The attenuated S. typhimurium SL7207 can induce sIgA due to colonization of the specific mucosal surface and internal organs [2], which has advantages of attenuated nature and propagation restrictions in vivo [30]. In the view of TGEV pathogenesis, livestock was infected by the virus through the digestive tract and it is difficult for bodies to gain protection by IgG antibody, therefore gut-specific sIgA antibodies produced by mammalian mucosal immune protection are more significant. In our study, after orally immunizing constructed DNA vaccine containing attenuated S. typhimurium SL7207 (pVAX-M), specific serum antibodies were detected at week 2 continuing into week 8, which has appeared (very) significantly when compared with SL7207 (pVAX) group and the PBS group. The levels of both IgG and IgA antibodies had a peak level at week 6, and then gradually decreased until week 8 the last week we detected. Using mice animal models, the experiments conducted in this study showed that the level of the antibodies of IgG and IgA immunized with SL7207 (pVAX-M) was higher than in those immunized with SL7207 (pVAX-S) which is consistent with previous results in attenuated S. typhimurium harboring TGEV S gene [33].

Detection of IFN-γ and cytokine IL-4 content is often used as an important indicator reflecting mouse cellular immunologic response. In addition, IFN-γ is representative of cytokines secreted by Thl cell cytokines, while IL-4 is secreted by Th2 cells. Yang found the CD4+ response stimulation after mice were inoculated orally with the attenuated S. typhimurium containing the surface protein of leishmania (gp63), and IFN-γ and IL-2 were discovered [32]. Sestak also found significantly increased IL-2-R expression on the mononuclear cells from the mesenteric lymph nodes after their stimulation with inactivated TGEV antigens in vitro with the decrease in the CD2–CD4–CD8– phenotype [25]. In this study, IL-4 and IFN-γ content of the animal body was also significantly improved, and SL7207 (pVAX-M) was significantly higher than SL7207 (pVAX) and PBS groups.

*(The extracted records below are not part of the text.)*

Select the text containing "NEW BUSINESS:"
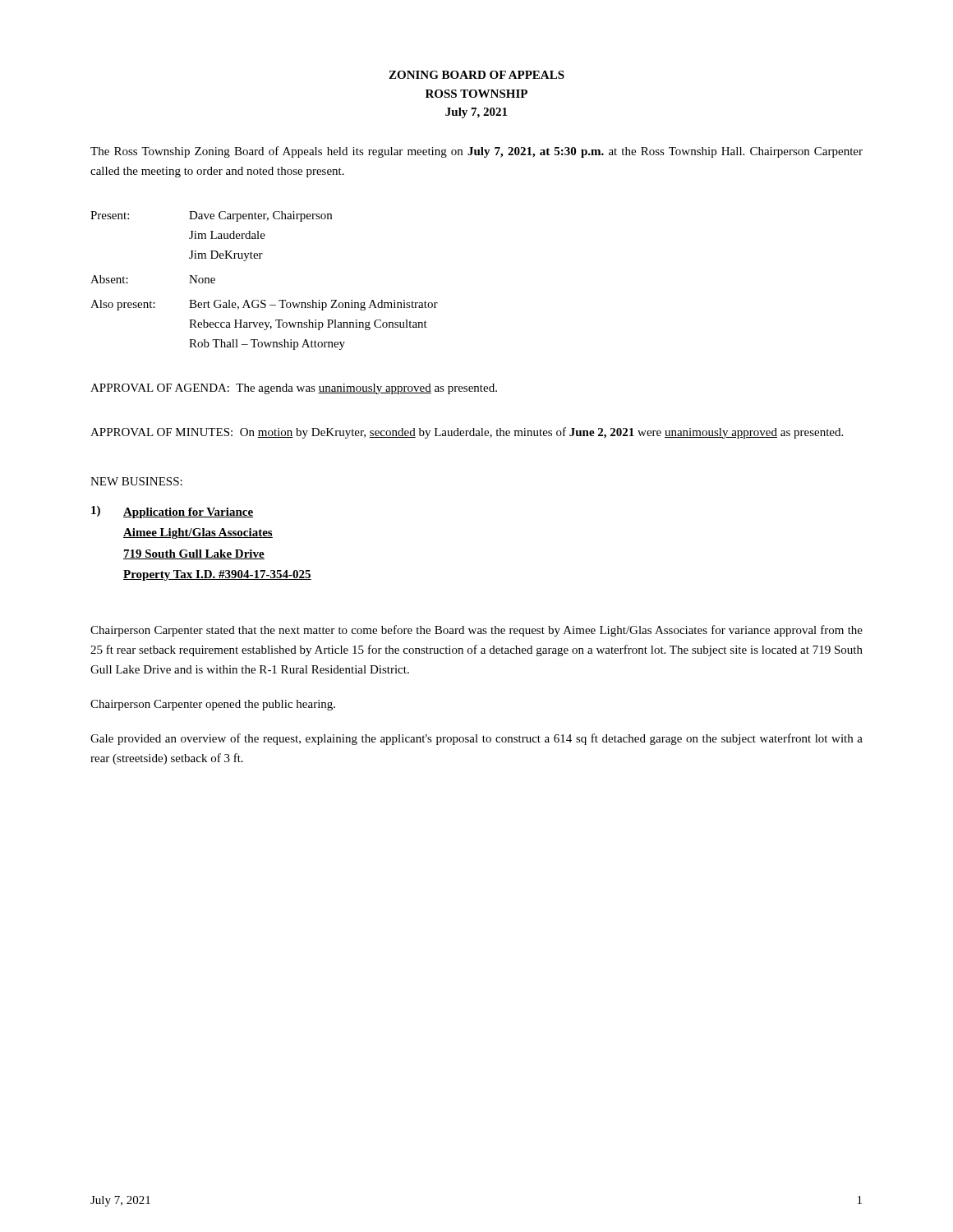 (x=137, y=481)
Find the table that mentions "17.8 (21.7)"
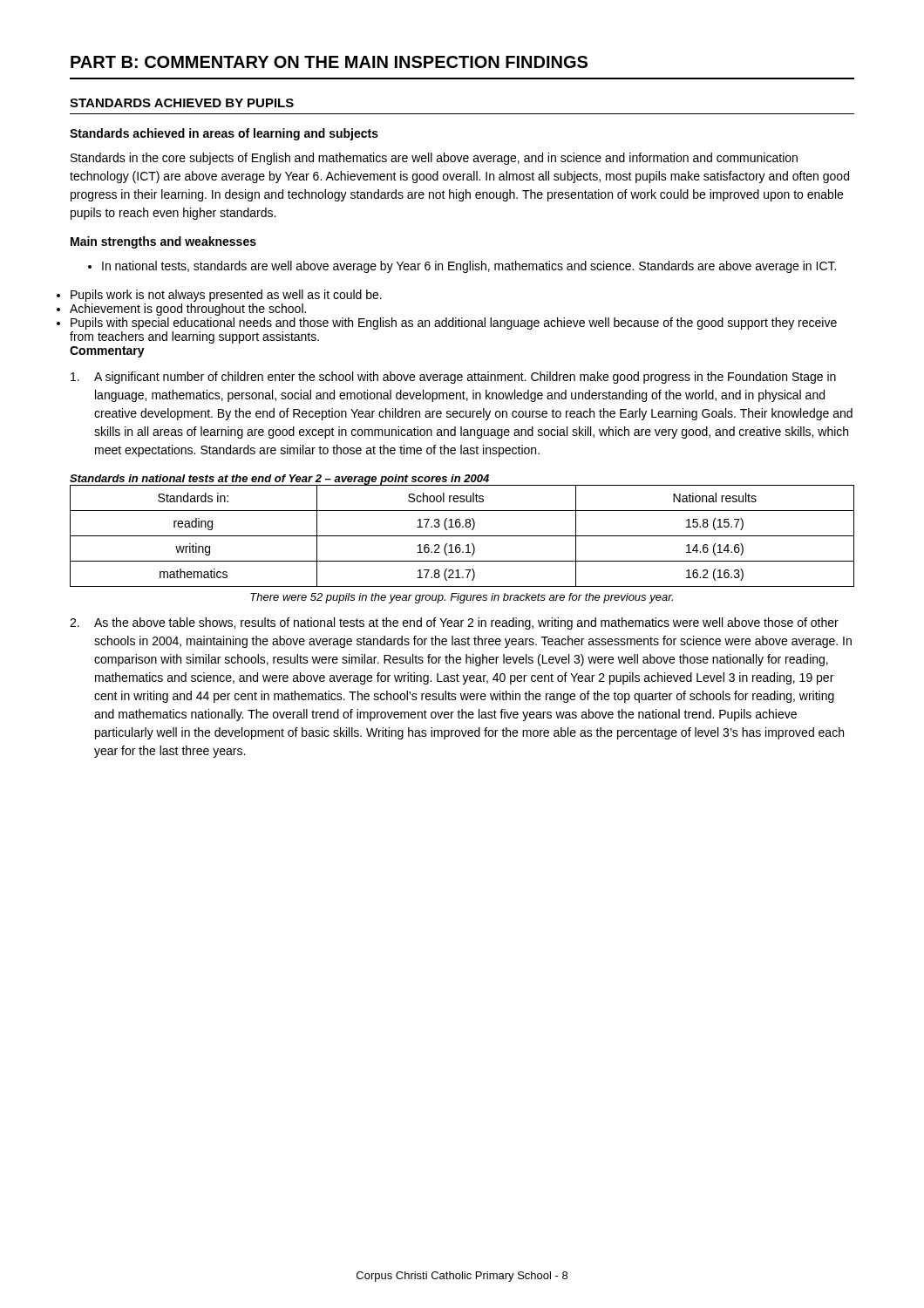This screenshot has height=1308, width=924. 462,536
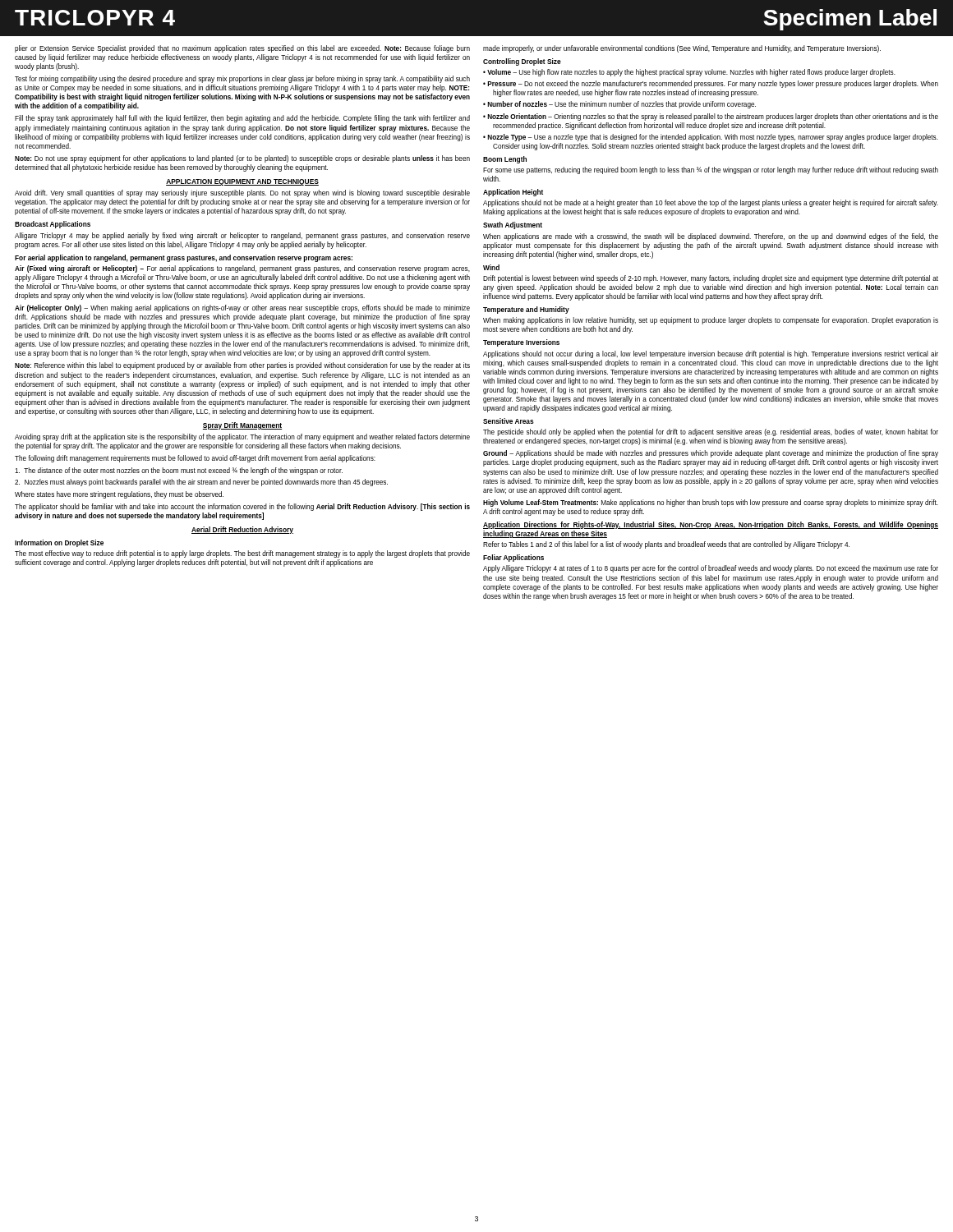Find the section header with the text "Swath Adjustment"

click(711, 226)

The present study has certain limitations: a vaccine which has good immune effect on the mouse model may not produce the same immune stimulating effect in pigs. Moreover, challenge protection test for the evaluation of the effect of a new vaccine is essential, but the test cannot be conducted on the species of mice. In this study, we constructed the SL7207 (pVAX-M) M gene of TGEV, and safety and immunogenicity were preliminarily assessed using mice animal models. TGEV easily infects clinically neonatal swine in 10 days which is prone to diarrhea in stress conditions. Attenuated Salmonella test results indicated that it can be released to carry the DNA vaccine in mice, and induce humoral immunity, mucosal immunity, and cellular immune responses. In our previous study, Zhang [35] immunized 20-day-old piglets by the SL7207 (pVAX-N) oral vaccine and the serum was first collected to detect IgG and IgA at week 2 post-immunization, and the result claimed that the experiment group (pVAX-N) is improved significantly contrasting with the control group (P < 0.05). Even if the vaccine of Zhang’s induced a good immune response, however, the best time of PEDV infection had passed in these piglets. However, the mouse model itself has advantages: reducing the costs of tests, requiring smaller cultured space, and shortening the period of immune response. Balb/C mice were immunized at doses which were 5 % and 10 % formulation administered in cattle to evaluate immunogenicity of the inactivated vaccine against food-and-mouth disease virus, and specific antibodies were detected in 14, 21, 28 days post-immunization which showed an adequate immune response to the vaccine with 10 % of the immunizing dose at the 21st day psot immunization [18]. Deng found that PCV-2b could be replicated in mice and caused mice tissue damages that has its similarity in tissue damage caused in pigs, indicating that mice could be used as animal models for research of the vaccine [5]. Gravier’s studies have claimed that DNA vaccines have similar biodistribution in mouse, rabbit, and pig tissues in vivo [9]. Our further studies will focus on effective evaluation of the oral vaccine, and pregnant sows were designed to be immunized by the SL7207 (pVAX-N) oral vaccine and their piglets within 10 days of age were chosen to perform challenge assay and neutralizing assay.